Unfortunately, this doesn't work. I get the error "Operand types do not match" in both of the XOR lines. Does anyone have any input or ideas on how to solve this problem?

 

[Future Bruno]

Any help would be greatly appreciated.The issue here is that you are using the wrong instruction for the task. The XOR instruction requires two operands of the same size, and you are trying to xor a byte (8 bits) with a dword (32 bits). To fix this, you can use the MOVZX instruction to convert the dword value in edi to an 8-bit byte before performing the XOR operation: FIND_KEY: inc [edi] ; EDI++ movzx eax, byte ptr [edi] ; Convert EDI to a byte in EAX xor byte ptr [esi], al ; FILE_CONTENTS[ESI] = XOR FILE_CONTENTS[ESI], AL (the 8-bit result from MOVZX) cmp byte ptr [esi], "M" ; did we find the key? jne find_key ; if not, check againDECRYPT: xor byte ptr [esi], al ; encrypt byte inc esi ; get next byte loop DECRYPT ; loop until ECX = 0

 

[quicknote]

Thank you for sharing your code and the issue you are encountering. Based on the information provided, it seems like the error is related to the operands used in the XOR instruction. In order for the XOR operation to work, both operands must be of the same size and type. In your code, you are using a byte-sized operand for the first operand and a dword-sized operand for the second operand. This mismatch in operand sizes is causing the error.

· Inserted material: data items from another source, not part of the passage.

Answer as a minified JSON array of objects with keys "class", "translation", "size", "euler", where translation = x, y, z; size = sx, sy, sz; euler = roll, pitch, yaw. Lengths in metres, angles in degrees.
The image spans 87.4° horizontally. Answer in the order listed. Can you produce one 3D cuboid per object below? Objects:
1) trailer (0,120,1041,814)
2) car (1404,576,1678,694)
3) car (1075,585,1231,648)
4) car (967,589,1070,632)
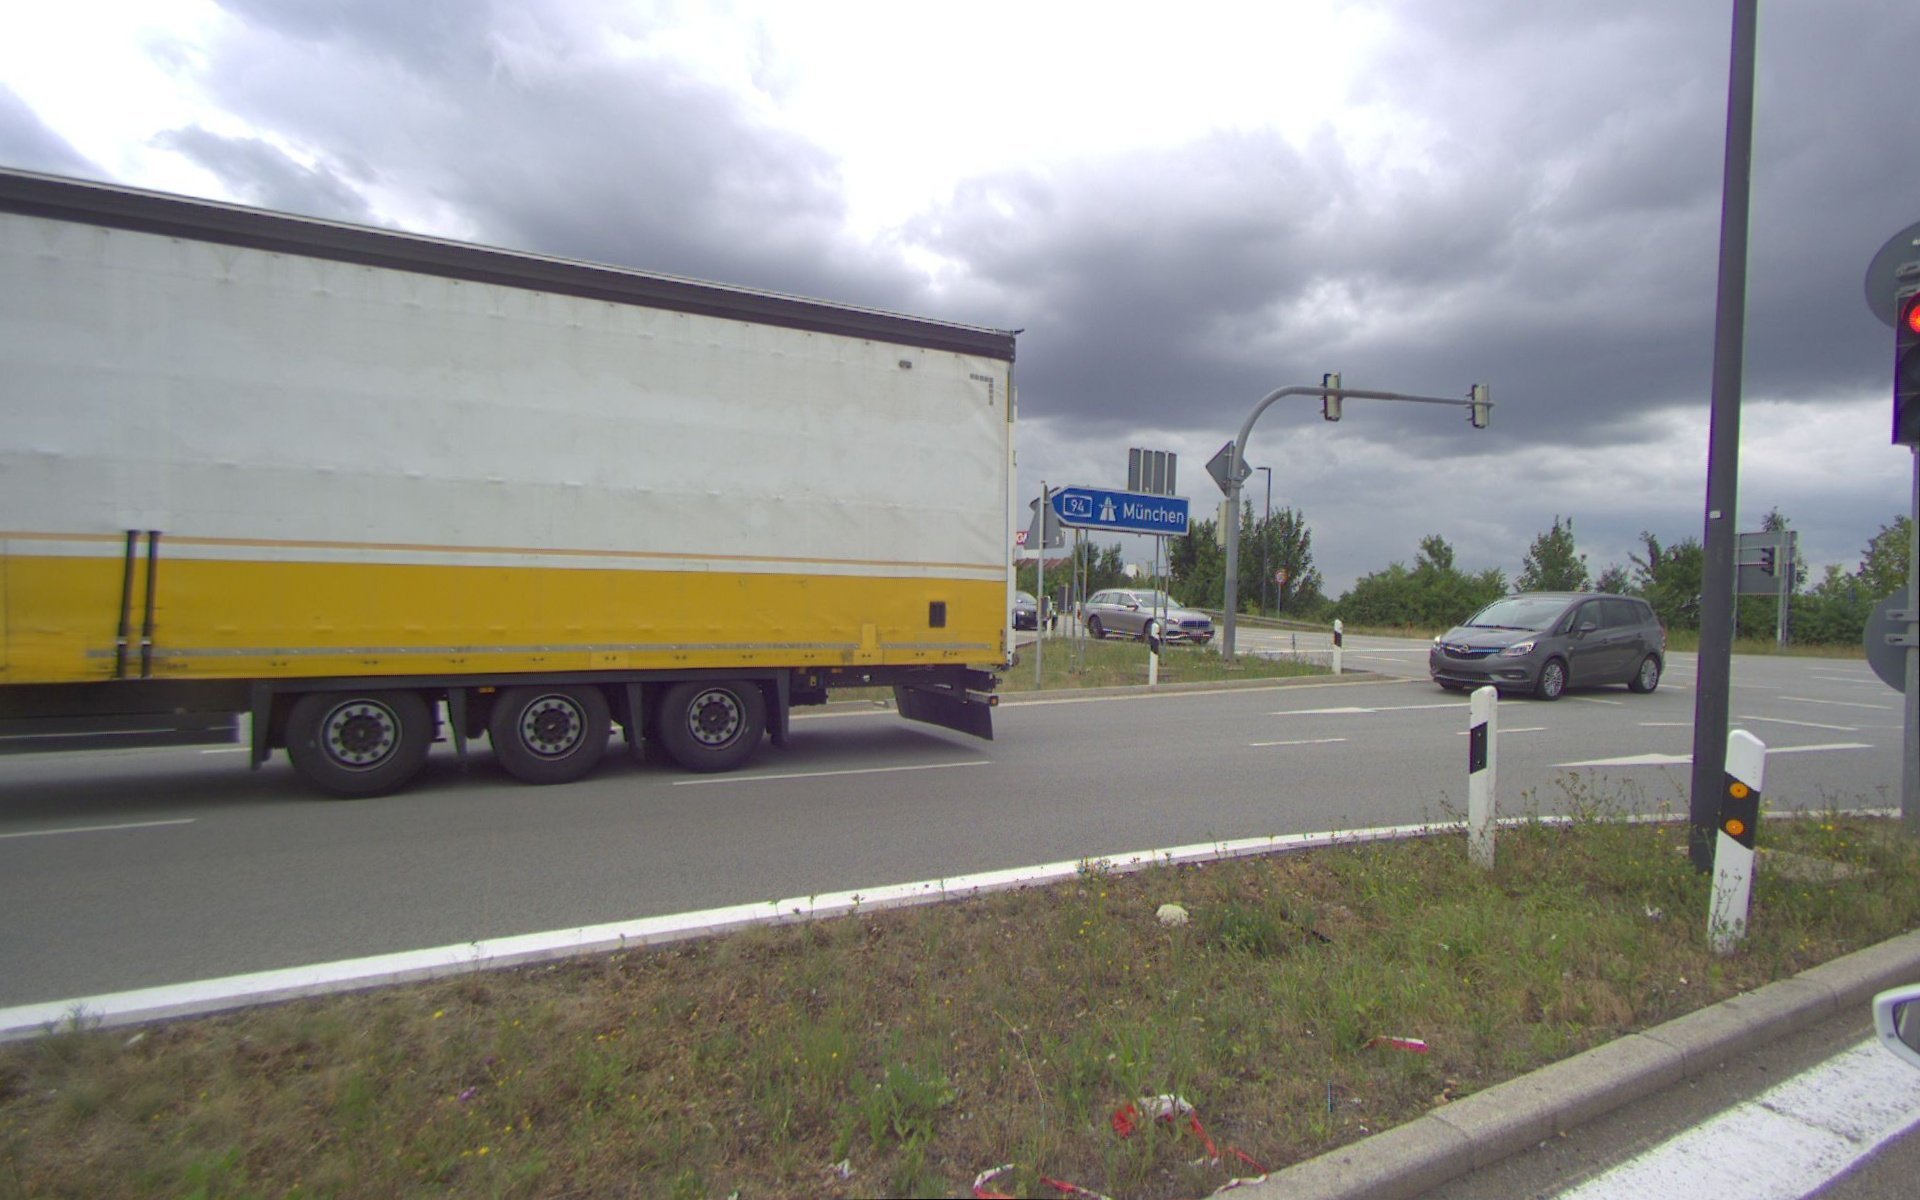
[{"class":"trailer","translation":[-5.875,-0.802,7.730],"size":[13.671,4.266,2.680],"euler":[2,0,-29]},{"class":"car","translation":[9.616,0.561,16.567],"size":[4.403,1.716,1.984],"euler":[2,0,-30]},{"class":"car","translation":[5.465,0.404,29.199],"size":[1.895,1.632,4.915],"euler":[0,1,-26]},{"class":"car","translation":[2.045,0.340,36.749],"size":[1.690,1.429,4.643],"euler":[2,0,-26]}]

One possible solution could be to declare the second operand as a byte as well, by using the "byte ptr" prefix before the second operand in the XOR instruction. This will ensure that both operands are of the same size and type, and the operation can be performed successfully.

Another possible solution could be to use a different instruction, such as "movzx" or "movsx", to move the value of the second operand into a byte-sized register before performing the XOR operation.

I hope this helps you to solve the issue and continue with your project. It is always important to carefully check the sizes and types of operands when working with assembly code to avoid such errors. Good luck!